● Task prompt: Return exactly those lines of the material below that fall between the line holding "return TlvSettings(self)._select()" and the line holding "return self._get_attribute(self._SDM_ATT_MAP['Error'])", inclusive.

● Data for analysis:
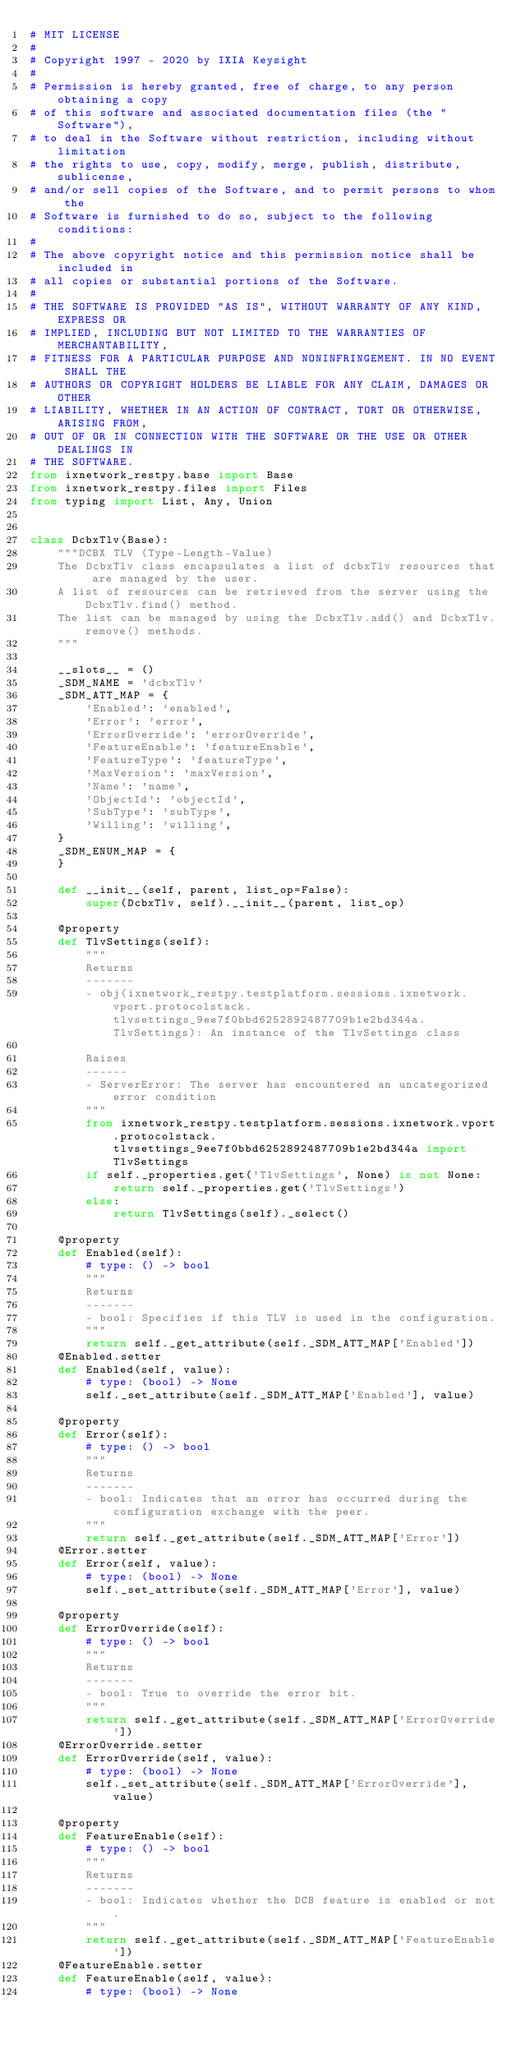<code> <loc_0><loc_0><loc_500><loc_500><_Python_># MIT LICENSE
#
# Copyright 1997 - 2020 by IXIA Keysight
#
# Permission is hereby granted, free of charge, to any person obtaining a copy
# of this software and associated documentation files (the "Software"),
# to deal in the Software without restriction, including without limitation
# the rights to use, copy, modify, merge, publish, distribute, sublicense,
# and/or sell copies of the Software, and to permit persons to whom the
# Software is furnished to do so, subject to the following conditions:
#
# The above copyright notice and this permission notice shall be included in
# all copies or substantial portions of the Software.
#
# THE SOFTWARE IS PROVIDED "AS IS", WITHOUT WARRANTY OF ANY KIND, EXPRESS OR
# IMPLIED, INCLUDING BUT NOT LIMITED TO THE WARRANTIES OF MERCHANTABILITY,
# FITNESS FOR A PARTICULAR PURPOSE AND NONINFRINGEMENT. IN NO EVENT SHALL THE
# AUTHORS OR COPYRIGHT HOLDERS BE LIABLE FOR ANY CLAIM, DAMAGES OR OTHER
# LIABILITY, WHETHER IN AN ACTION OF CONTRACT, TORT OR OTHERWISE, ARISING FROM,
# OUT OF OR IN CONNECTION WITH THE SOFTWARE OR THE USE OR OTHER DEALINGS IN
# THE SOFTWARE. 
from ixnetwork_restpy.base import Base
from ixnetwork_restpy.files import Files
from typing import List, Any, Union


class DcbxTlv(Base):
    """DCBX TLV (Type-Length-Value)
    The DcbxTlv class encapsulates a list of dcbxTlv resources that are managed by the user.
    A list of resources can be retrieved from the server using the DcbxTlv.find() method.
    The list can be managed by using the DcbxTlv.add() and DcbxTlv.remove() methods.
    """

    __slots__ = ()
    _SDM_NAME = 'dcbxTlv'
    _SDM_ATT_MAP = {
        'Enabled': 'enabled',
        'Error': 'error',
        'ErrorOverride': 'errorOverride',
        'FeatureEnable': 'featureEnable',
        'FeatureType': 'featureType',
        'MaxVersion': 'maxVersion',
        'Name': 'name',
        'ObjectId': 'objectId',
        'SubType': 'subType',
        'Willing': 'willing',
    }
    _SDM_ENUM_MAP = {
    }

    def __init__(self, parent, list_op=False):
        super(DcbxTlv, self).__init__(parent, list_op)

    @property
    def TlvSettings(self):
        """
        Returns
        -------
        - obj(ixnetwork_restpy.testplatform.sessions.ixnetwork.vport.protocolstack.tlvsettings_9ee7f0bbd6252892487709b1e2bd344a.TlvSettings): An instance of the TlvSettings class

        Raises
        ------
        - ServerError: The server has encountered an uncategorized error condition
        """
        from ixnetwork_restpy.testplatform.sessions.ixnetwork.vport.protocolstack.tlvsettings_9ee7f0bbd6252892487709b1e2bd344a import TlvSettings
        if self._properties.get('TlvSettings', None) is not None:
            return self._properties.get('TlvSettings')
        else:
            return TlvSettings(self)._select()

    @property
    def Enabled(self):
        # type: () -> bool
        """
        Returns
        -------
        - bool: Specifies if this TLV is used in the configuration.
        """
        return self._get_attribute(self._SDM_ATT_MAP['Enabled'])
    @Enabled.setter
    def Enabled(self, value):
        # type: (bool) -> None
        self._set_attribute(self._SDM_ATT_MAP['Enabled'], value)

    @property
    def Error(self):
        # type: () -> bool
        """
        Returns
        -------
        - bool: Indicates that an error has occurred during the configuration exchange with the peer.
        """
        return self._get_attribute(self._SDM_ATT_MAP['Error'])
    @Error.setter
    def Error(self, value):
        # type: (bool) -> None
        self._set_attribute(self._SDM_ATT_MAP['Error'], value)

    @property
    def ErrorOverride(self):
        # type: () -> bool
        """
        Returns
        -------
        - bool: True to override the error bit.
        """
        return self._get_attribute(self._SDM_ATT_MAP['ErrorOverride'])
    @ErrorOverride.setter
    def ErrorOverride(self, value):
        # type: (bool) -> None
        self._set_attribute(self._SDM_ATT_MAP['ErrorOverride'], value)

    @property
    def FeatureEnable(self):
        # type: () -> bool
        """
        Returns
        -------
        - bool: Indicates whether the DCB feature is enabled or not.
        """
        return self._get_attribute(self._SDM_ATT_MAP['FeatureEnable'])
    @FeatureEnable.setter
    def FeatureEnable(self, value):
        # type: (bool) -> None</code>

● Output of the exercise:
            return TlvSettings(self)._select()

    @property
    def Enabled(self):
        # type: () -> bool
        """
        Returns
        -------
        - bool: Specifies if this TLV is used in the configuration.
        """
        return self._get_attribute(self._SDM_ATT_MAP['Enabled'])
    @Enabled.setter
    def Enabled(self, value):
        # type: (bool) -> None
        self._set_attribute(self._SDM_ATT_MAP['Enabled'], value)

    @property
    def Error(self):
        # type: () -> bool
        """
        Returns
        -------
        - bool: Indicates that an error has occurred during the configuration exchange with the peer.
        """
        return self._get_attribute(self._SDM_ATT_MAP['Error'])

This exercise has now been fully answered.